In [6]:
%matplotlib inline
In [7]:
from IPython.core.display import HTML
css_file = './inet.css'
HTML(open(css_file, "r").read())
Out[7]:
In [8]:
import matplotlib.pyplot as plt
from matplotlib import collections as mc
plt.xkcd()
import numpy as np
import pandas as pd
import seaborn as sn
import statsmodels.formula.api as smf
from IPython.html import widgets
from IPython.display import display
import pypwt
A: Drawing a "line" through a scatter of data points in a principled way...
A: Drawing a straight "line" through a scatter of data points in a principled way...
In [9]:
# grab the entire Penn World Tables data from the web...
pwt = pypwt.load_pwt_data()
In [11]:
#...this gives us a panel (i.e., two dimensional) data set
pwt
Out[11]:
In [23]:
def labor_supply(data, year="1950-01-01"):
"""
Labor supply in a given year is the product of number of employed
persons, 'emp', and the average number of hours worked, 'avh'.
Parameters
----------
data : pandas.Panel
The Penn World Tables (PWT) data set.
year : str (default="1950-01-01")
Some year between 1950 and 2011. Format should be "YYYY-01-01".
Returns
-------
L : pandas.Series
Effective labor supply in units of employed person-years.
"""
L = data.minor_xs(year)["emp"] * data.minor_xs(year)["avh"]
return L
def real_gdp_per_unit_labor(data, year="1950-01-01"):
"""
Real gross domestic product (GDP) per unit labor is the ratio of
some measure of real output and some measure of labor supply.
Parameters
----------
data : pandas.Panel
The Penn World Tables (PWT) data set.
year : str (default="1950-01-01")
Some year between 1950 and 2011. Format should be "YYYY-01-01".
Returns
-------
rgdppul : pandas.Series
Real gdp per unit labor supply.
"""
rgdppul = data.minor_xs(year)["rgdpo"] / labor_supply(data, year)
return rgdppul
def growth_rate_real_gdp_per_unit_labor(data, start="1950-01-01", end="2011-01-01"):
"""
Plot the growth rate of real GDP per unit labor over some time period
against the level of real GDP per unit labor at the start of the time
period.
Parameters
----------
data : pandas.Panel
The Penn World Tables (PWT) data set.
start : str (default="1950-01-01")
Some year between 1950 and 2011. Format should be "YYYY-01-01".
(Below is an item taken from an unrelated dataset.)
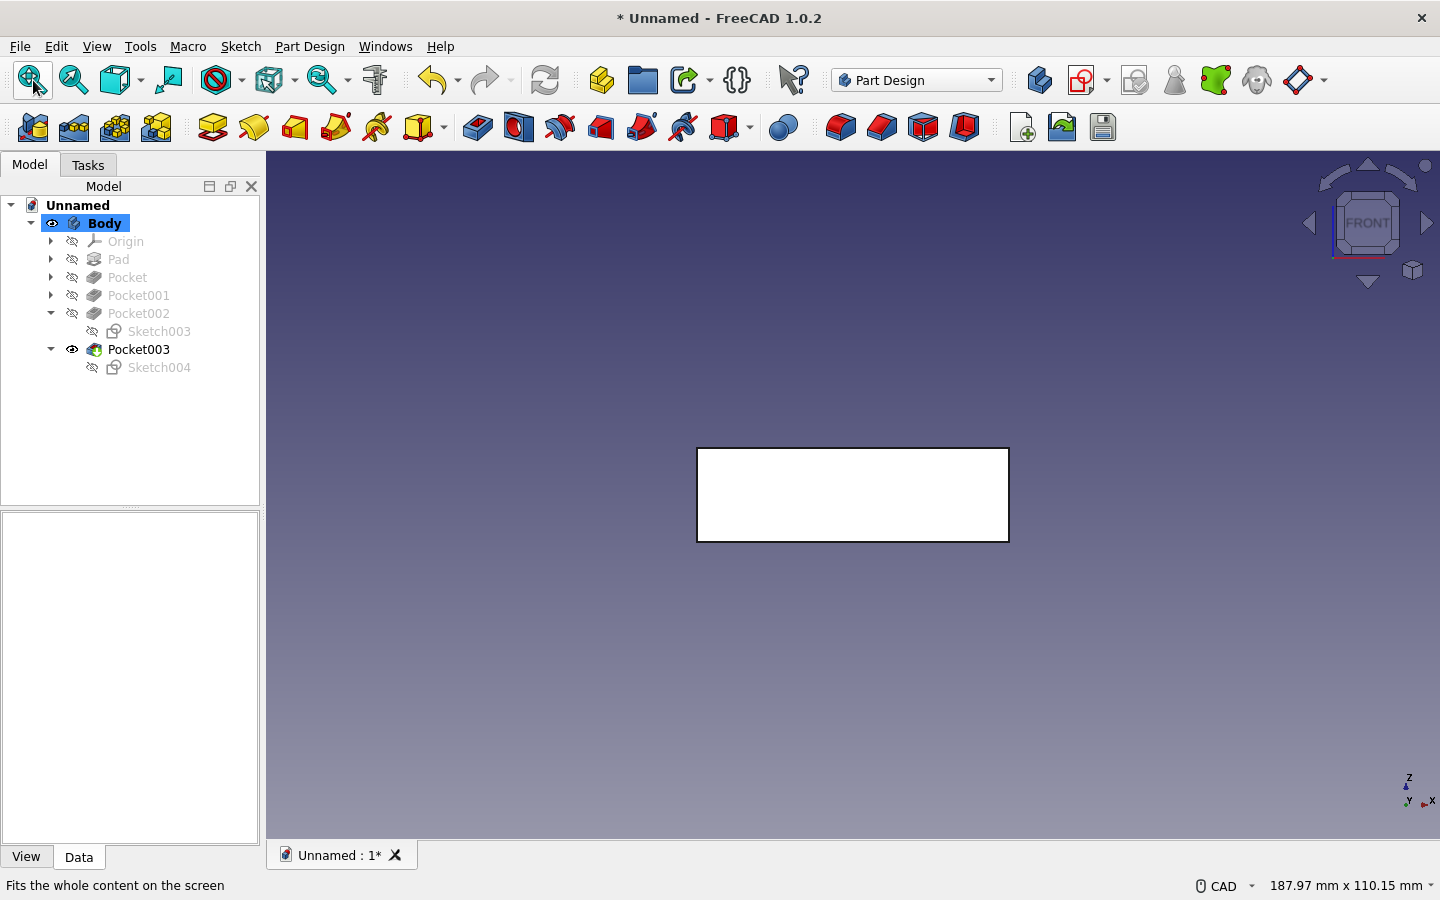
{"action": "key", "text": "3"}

end : str (default="2011-01-01")
Some year between 1950 and 2011. Format should be "YYYY-01-01".
"""
gr = (np.log(real_gdp_per_unit_labor(data, end)) -
np.log(real_gdp_per_unit_labor(data, start)))
return gr
def some_interesting_plot(data, start="1950-01-01", end="2011-01-01"):
"""
Plot the growth rate of real GDP per unit labor over some time period
against the level of real GDP per unit labor at the start of the time
period.
Parameters
----------
data : pandas.Panel
The Penn World Tables (PWT) data set.
start : str (default="1950-01-01")
Some year between 1950 and 2011. Format should be "YYYY-01-01".
end : str (default="2011-01-01")
Some year between 1950 and 2011. Format should be "YYYY-01-01".
"""
# create the scatter plot
fig, ax = plt.subplots(1, 1, figsize=(12,9))
xs = np.log(real_gdp_per_unit_labor(data, start))
ys = growth_rate_real_gdp_per_unit_labor(data, start, end)
ax.scatter(xs, ys, color='k')
# axis labels, title, etc
ax.set_xlabel('Log income (per unit labor) in 1960', fontsize=25)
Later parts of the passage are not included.